The articles: scholarly essays in plain English
The book displays the information in five sections: I. Authority, II. Canon, III.Literature, IV. Manuscripts, V.Translation. There can be no better "Bible Study 101," in English, only that it is offered by some of the finest Anglo-American scholarship. In almost all the articles, a great deal of attention is given to definitions of bible study terminology:
higher criticism, inerrancy, inspiration, autographs,Mauratorian Canon, hagiographa, Rylands papyrus, apocrypha, Gospel of Thomas, wisdom of Amenemope, etc.
A History of the recovery of the original text of the new Testament:
Philip Comfort takes you on an enlightening tour of Oxyrynchus, Beatty, Bodmer papyri to the great Alexandrine codices. "The Alexandrine scribes, associated with the scriptorium of the great Alexandrian library and/or members of the Didaskelion of its catechtical school were trained philologists, grammarians, and textual critics"; this is the quality of information you get reading this book, unless you have access to books By K. Aland, B.Metzger, E.Nestle among few others.
Biblical languages and translation:
Hebrew, Aramaic, and Greek, and Hebrew as a changing Semitic language, difficult to translate requiring twice as much English words. How did Ptolemy Philadelphius start its translation into the Septuagint for the Jews of Alexandria, who soon appropriated some expressions beyond the scope of Hebrew terminology?

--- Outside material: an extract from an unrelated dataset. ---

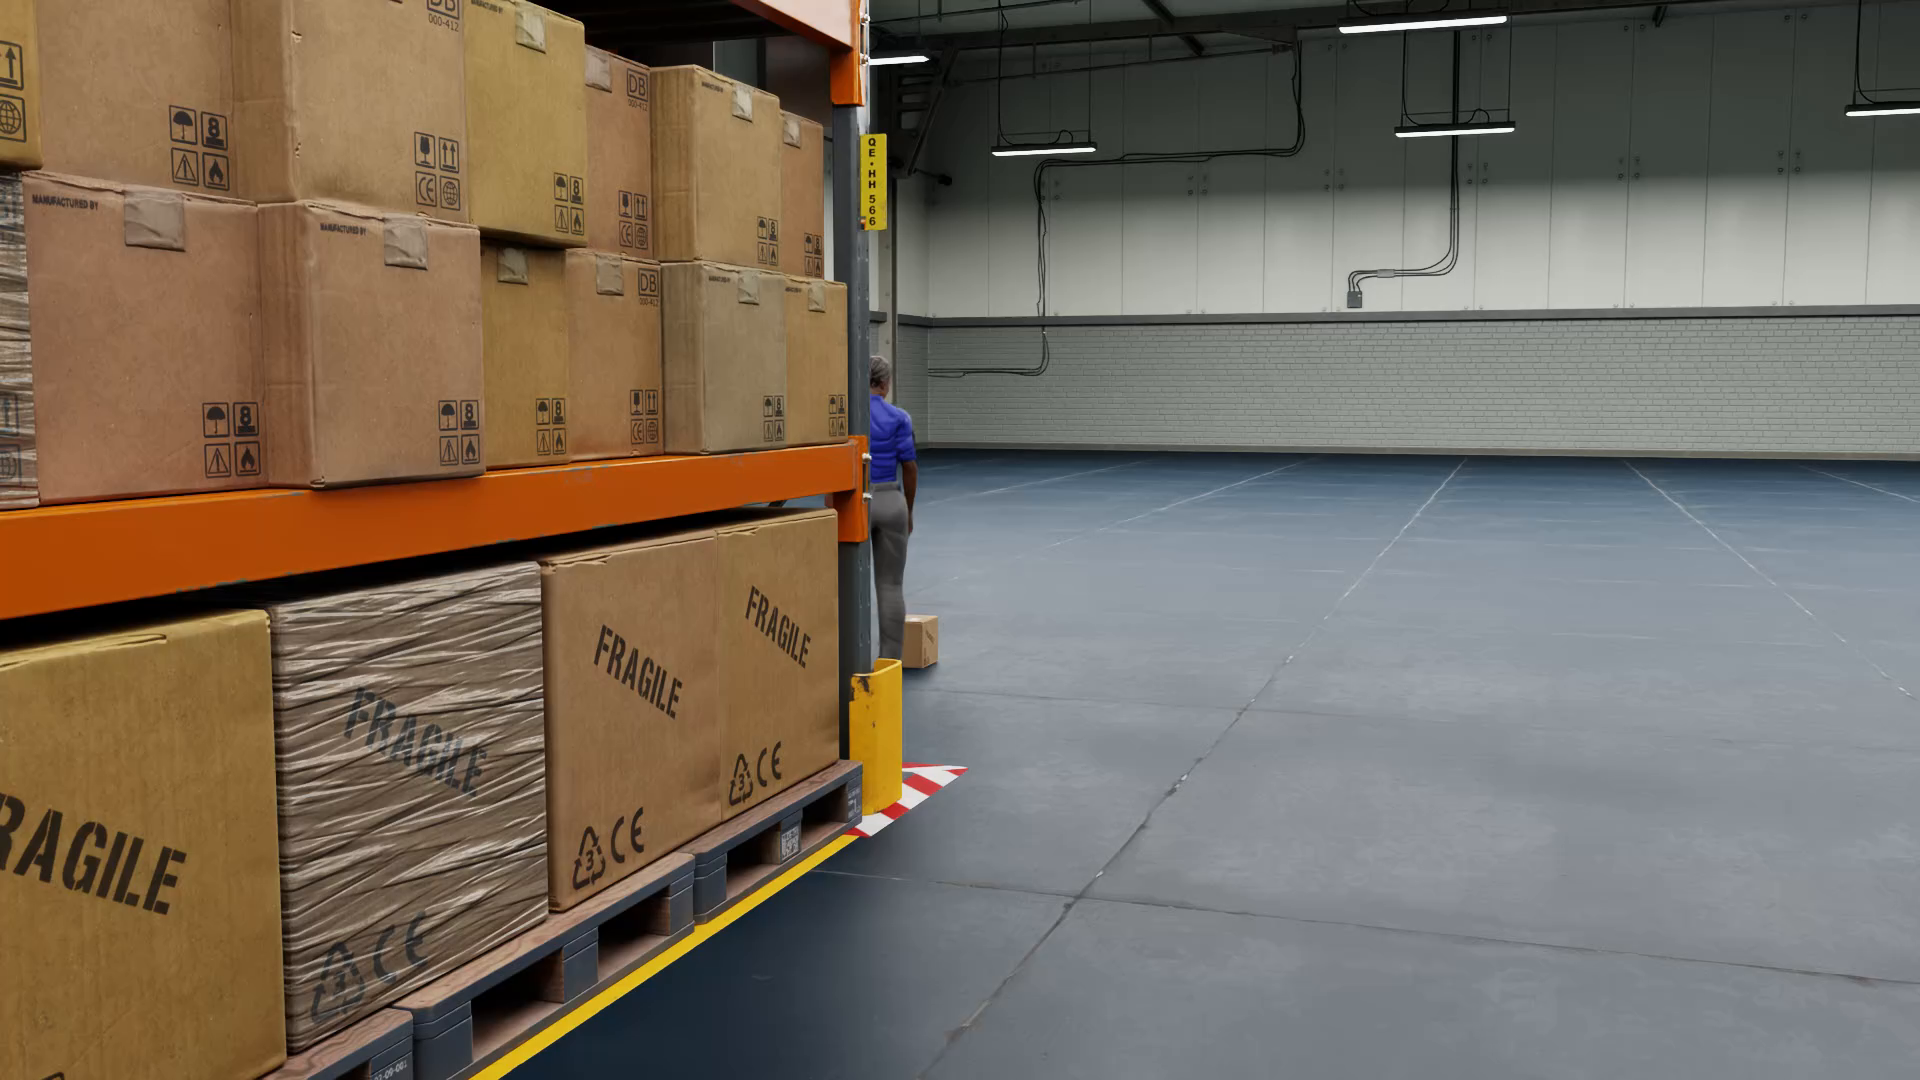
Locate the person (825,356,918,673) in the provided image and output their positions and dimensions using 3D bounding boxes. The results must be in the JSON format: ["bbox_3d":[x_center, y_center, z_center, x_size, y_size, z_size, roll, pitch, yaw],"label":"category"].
[{"bbox_3d":[-0.502,-0.117,8.506,0.547,1.638,0.667,-1,5,-10],"label":"person"}]

L. Walker takes the mantle to shows how St. John used Logos in reference to Christ, while apostle Paul style was influenced by lexical and grammatical parallels used by the Greek speaking Alexandrines.
English Bible and versions
Now you come to perceive the conclusion to this great drama that started by Origen's Hexapla, but not terminated by the Complete bible versions of Christendom. Devoted efforts by translators in affirmation of Biblical truth explains R. Elliott, "translate without interpreting"
Conclusion:
Around 260 AD, Dionysius of Alexandria found that the stylistic and lexical features of the book of revelation could not come from the same author of the fourth Gospel! All the eastern 'Orthodox' Churches do not include readings from the Apocalypse to this moment, thus was the honest and scholarly pursue of biblical truth.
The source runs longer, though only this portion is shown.